日本語で「モテる」という言葉がある。「モテる」とはどういう意味だろう。「モテる」ということと「愛される」ということはどう違うのだろうか。言葉の定義を調べてみると、「もてる」とは「持つ」の可能動詞だそうである。つまり、「もてる」は「持てる」=「持つことが出来る」であって、かつ、これは受動態=「持たれる」ではないらしい。では、ここで言う「持てる」とは何が持てるのだろうか。人気とか、好意とか、そういうものだろうか。それにしても、今日、日常会話で使われる「モテる」とは若干ニュアンスが違うような気がする。そこで、上の2種類の言葉を、それぞれ、両者を以下のように定義してみたら、どうだろうか。
「愛される」:=「他人から自分自身(人格)が好まれる」
「モテる」:=「他人から自分の所有物が好まれる」
ここで、「所有物」とは、その人が持つもので、本質的ではないもの。例えば、容姿の美しさ、名声、学歴、家柄、所得、財産、高級スポーツカーなど。なお、ここで、「人格」はその人自身のことであって、その所有物ではないとする。つまり、「人格」:=「人間の本質」。そう考えてみると、ある人がモテるというのは、他人とその人の所有物との間に関係が生じることであって、その状況において、当の所有者とは直接関係のないことになる。

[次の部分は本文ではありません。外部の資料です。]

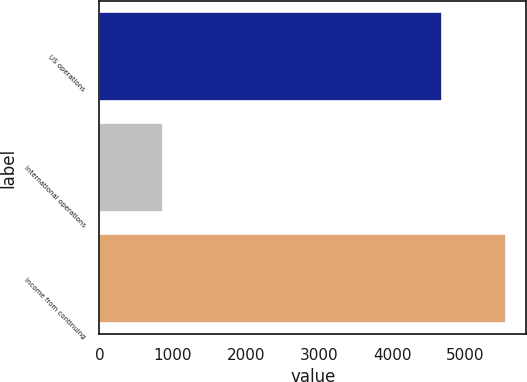Convert chart. <chart><loc_0><loc_0><loc_500><loc_500><bar_chart><fcel>US operations<fcel>International operations<fcel>Income from continuing<nl><fcel>4677<fcel>875<fcel>5552<nl></chart>

例えば、今ここにとても容姿の美しい女性(A子さん)がいたとしよう。彼女がそれによって、回りの多くの男性からモテたとしよう。その状況において、何が起きているのかといえば、「多くの男性」と「その女性の美しい容姿」との間に「前者が後者を求める」という関係が生じているというだけのことだ。そして、その状況において、人格としての彼女はまったく蚊帳の外なのだ。そう考えてみると、人間にとってモテるということは、それ自体には何の価値もないのだ。しかし、それでも、モテる人は他人からうらやましがられる。それは何故だろうか。それは、「モテる」ことが「愛される」ことに繋がる可能性が高いからだ。人間にとって、『愛される』と言うことは、えも言われぬ価値がある。要するに、
命題1 「モテる人は愛されやすい。」
しかし、これはあくまでも可能性であって、実際に愛されるためには、以下の条件が満たされなければならない。
条件1 「その人自身の人格が好ましいこと。」
もし、A子さんがどんなに美しかったとしても、人格に問題があれば(性格が悪ければ)、モテることはあっても、愛されることはないわけだ。


そう考えてみると、モテる人は案外不運なのではなかろうか。モテる人は、モテる(属性がある)が故に、いろんな人たちから求められる。実際には、その人自身が求められているわけではないのだが、その人の好ましい属性に目が眩んだ人たちは、それを得るために言葉巧みに近づいてくる。また、彼らのうちのある人たちは、本来はそのモテる人と相性がまったく合わないのにもかかわらず、調子を合わせて近づいてくる。モテる人も、そのモテる経験の豊富さから、大抵の下心は見破ってしまうが、相手の方が一枚上手であれば、結局は騙されてしまう。騙されて始まった交際は、騙した側の人間が、そのモテる人の属性に飽きて、騙す(調子を合わせる)のを止めた時点で破綻する。結論を言えば、モテる人は他人に振り回されるという不運に陥りやすい。


ところで、命題1が真だからといって、以下のように言えないわけではない。
命題2 「モテない人が愛されないわけではない。」
なぜならば、ある人が他人から愛されるためには、その人の人格が好ましければよいのであって、モテるような属性を持っていることが必須ではないからだ。しかし、それでも、ある人が愛されないのは、以下のふたつのどちらか、あるいはその両方に原因があるからだ。
原因1 「その人の人格に問題がある(性格が悪い)から。」
(命題3 「性格の悪い人は愛されない。」)
原因2 「その人の人格が他の人たちに知られていないから。」
(命題4 「知らないものを愛することはない。」)
(命題4’ 「知られていないものが愛されることはない。」)
だから、愛されないことで悩んでいる人は、愛されるためにモテなくても、自分の人格を好ましいものにし、自分の人格が他人に知られるように心がければよいのだ。つまり、愛されるためには、好ましい印象を与えるような自己紹介や気持ちのよい挨拶をするように心がけていればよいのだ。モテることは、愛されない原因2を解決するために好都合ではあるが、必ずしも必須ではない。